----- Material provided
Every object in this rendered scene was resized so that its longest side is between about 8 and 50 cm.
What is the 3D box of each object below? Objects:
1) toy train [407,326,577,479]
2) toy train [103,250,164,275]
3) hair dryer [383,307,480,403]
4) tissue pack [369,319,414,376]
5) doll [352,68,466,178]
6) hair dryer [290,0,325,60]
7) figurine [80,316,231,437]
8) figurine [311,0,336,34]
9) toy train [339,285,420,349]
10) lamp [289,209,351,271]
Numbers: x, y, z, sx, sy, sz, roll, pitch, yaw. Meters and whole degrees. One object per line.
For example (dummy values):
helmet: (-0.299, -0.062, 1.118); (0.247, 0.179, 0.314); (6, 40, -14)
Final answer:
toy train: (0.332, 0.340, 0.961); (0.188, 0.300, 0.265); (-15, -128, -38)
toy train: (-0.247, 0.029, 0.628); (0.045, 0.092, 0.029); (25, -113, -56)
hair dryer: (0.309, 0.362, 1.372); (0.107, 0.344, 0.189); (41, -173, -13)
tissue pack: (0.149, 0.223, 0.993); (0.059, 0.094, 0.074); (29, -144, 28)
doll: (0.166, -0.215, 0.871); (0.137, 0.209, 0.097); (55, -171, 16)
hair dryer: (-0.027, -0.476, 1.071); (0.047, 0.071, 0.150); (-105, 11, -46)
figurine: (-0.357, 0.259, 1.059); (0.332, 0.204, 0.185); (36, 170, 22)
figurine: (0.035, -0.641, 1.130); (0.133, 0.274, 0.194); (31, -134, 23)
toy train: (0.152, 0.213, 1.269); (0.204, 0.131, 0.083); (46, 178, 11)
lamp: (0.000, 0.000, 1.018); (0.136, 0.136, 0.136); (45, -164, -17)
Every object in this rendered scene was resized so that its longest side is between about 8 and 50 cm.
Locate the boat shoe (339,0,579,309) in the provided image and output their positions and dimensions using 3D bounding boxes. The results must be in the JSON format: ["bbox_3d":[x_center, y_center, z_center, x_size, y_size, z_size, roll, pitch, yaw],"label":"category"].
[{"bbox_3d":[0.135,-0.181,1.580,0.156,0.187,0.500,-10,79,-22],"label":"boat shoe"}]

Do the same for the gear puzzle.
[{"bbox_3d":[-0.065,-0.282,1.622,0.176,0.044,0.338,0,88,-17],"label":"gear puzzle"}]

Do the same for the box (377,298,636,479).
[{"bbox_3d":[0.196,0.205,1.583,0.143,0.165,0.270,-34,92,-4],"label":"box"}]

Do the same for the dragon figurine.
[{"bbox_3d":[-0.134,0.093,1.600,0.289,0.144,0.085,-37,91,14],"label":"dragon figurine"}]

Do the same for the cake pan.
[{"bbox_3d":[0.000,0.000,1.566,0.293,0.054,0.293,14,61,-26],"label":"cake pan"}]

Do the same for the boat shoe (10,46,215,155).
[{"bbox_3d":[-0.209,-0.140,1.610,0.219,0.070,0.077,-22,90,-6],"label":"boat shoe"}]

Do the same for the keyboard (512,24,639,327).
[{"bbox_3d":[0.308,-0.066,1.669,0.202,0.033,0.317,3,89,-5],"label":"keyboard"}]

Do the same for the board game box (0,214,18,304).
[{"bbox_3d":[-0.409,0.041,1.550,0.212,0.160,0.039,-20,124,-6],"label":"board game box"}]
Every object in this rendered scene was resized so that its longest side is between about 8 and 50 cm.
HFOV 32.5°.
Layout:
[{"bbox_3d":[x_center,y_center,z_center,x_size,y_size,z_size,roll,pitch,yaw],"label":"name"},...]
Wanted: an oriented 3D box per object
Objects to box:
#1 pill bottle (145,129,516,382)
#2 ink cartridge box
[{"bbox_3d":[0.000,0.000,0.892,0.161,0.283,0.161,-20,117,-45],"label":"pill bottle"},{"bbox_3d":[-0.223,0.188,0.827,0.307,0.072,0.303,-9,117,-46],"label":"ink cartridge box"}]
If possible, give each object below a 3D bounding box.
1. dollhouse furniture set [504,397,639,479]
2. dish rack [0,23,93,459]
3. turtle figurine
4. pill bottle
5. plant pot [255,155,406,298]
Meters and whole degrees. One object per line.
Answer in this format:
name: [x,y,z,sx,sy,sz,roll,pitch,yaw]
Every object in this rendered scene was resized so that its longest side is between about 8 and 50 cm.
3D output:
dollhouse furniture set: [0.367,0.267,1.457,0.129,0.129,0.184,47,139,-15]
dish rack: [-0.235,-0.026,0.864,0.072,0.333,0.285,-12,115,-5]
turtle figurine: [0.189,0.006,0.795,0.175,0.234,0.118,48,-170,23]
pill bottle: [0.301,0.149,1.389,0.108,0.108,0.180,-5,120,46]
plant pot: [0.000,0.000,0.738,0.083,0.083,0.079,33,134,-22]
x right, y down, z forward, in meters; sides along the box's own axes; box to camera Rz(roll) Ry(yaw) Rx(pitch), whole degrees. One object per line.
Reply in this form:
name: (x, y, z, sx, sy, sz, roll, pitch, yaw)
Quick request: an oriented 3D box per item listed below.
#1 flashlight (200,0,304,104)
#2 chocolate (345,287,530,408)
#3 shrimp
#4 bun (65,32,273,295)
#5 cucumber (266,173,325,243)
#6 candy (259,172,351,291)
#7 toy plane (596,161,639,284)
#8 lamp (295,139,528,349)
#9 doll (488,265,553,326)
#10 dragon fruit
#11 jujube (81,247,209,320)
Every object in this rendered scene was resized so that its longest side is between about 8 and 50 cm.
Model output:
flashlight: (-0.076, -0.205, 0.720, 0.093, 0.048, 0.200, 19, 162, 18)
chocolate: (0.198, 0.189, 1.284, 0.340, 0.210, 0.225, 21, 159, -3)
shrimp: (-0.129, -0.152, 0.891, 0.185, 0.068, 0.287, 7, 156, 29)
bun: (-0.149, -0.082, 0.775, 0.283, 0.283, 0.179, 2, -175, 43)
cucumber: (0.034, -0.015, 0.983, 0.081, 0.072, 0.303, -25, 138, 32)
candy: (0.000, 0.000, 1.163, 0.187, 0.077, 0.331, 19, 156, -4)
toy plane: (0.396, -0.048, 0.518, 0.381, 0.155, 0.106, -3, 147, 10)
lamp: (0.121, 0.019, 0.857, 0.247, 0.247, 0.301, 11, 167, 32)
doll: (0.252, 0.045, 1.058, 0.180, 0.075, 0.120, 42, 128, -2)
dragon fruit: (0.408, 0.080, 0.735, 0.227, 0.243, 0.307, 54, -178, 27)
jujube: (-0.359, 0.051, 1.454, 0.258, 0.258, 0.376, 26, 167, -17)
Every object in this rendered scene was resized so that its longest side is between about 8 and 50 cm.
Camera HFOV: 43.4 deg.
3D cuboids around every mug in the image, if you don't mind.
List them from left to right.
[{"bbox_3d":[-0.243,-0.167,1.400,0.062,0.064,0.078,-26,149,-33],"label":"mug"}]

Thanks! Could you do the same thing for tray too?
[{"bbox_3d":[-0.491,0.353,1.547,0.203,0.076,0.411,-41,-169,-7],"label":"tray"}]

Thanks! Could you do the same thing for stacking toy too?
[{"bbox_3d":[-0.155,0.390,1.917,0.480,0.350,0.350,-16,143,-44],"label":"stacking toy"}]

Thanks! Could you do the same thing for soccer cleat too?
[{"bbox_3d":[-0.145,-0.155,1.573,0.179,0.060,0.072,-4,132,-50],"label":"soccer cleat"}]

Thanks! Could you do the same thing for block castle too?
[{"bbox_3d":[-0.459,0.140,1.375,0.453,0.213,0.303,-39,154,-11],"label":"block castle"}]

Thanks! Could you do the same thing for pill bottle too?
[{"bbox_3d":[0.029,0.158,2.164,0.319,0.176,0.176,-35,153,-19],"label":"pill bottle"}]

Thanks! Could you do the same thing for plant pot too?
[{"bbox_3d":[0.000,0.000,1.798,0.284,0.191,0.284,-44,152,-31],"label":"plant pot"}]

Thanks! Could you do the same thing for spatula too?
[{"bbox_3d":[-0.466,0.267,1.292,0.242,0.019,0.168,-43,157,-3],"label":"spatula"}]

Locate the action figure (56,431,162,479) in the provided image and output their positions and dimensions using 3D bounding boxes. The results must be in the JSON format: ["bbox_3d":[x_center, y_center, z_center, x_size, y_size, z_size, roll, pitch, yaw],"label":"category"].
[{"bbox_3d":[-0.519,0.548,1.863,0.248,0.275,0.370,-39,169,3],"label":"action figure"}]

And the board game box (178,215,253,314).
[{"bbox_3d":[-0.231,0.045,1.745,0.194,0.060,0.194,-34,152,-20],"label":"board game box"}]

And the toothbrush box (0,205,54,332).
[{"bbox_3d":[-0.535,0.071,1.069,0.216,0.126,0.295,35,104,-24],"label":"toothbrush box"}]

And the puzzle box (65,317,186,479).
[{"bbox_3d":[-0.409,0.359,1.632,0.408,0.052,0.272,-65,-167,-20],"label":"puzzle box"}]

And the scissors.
----------
Problem statement:
Retype only the lines above between the line with "HFOV 32.5°." and the line with "If possible, give", counting those two lines as well, and keep every character as it is.

Task output:
HFOV 32.5°.
Layout:
[{"bbox_3d":[x_center,y_center,z_center,x_size,y_size,z_size,roll,pitch,yaw],"label":"name"},...]
Wanted: an oriented 3D box per object
Objects to box:
#1 pill bottle (145,129,516,382)
#2 ink cartridge box
[{"bbox_3d":[0.000,0.000,0.892,0.161,0.283,0.161,-20,117,-45],"label":"pill bottle"},{"bbox_3d":[-0.223,0.188,0.827,0.307,0.072,0.303,-9,117,-46],"label":"ink cartridge box"}]
If possible, give each object below a 3D bounding box.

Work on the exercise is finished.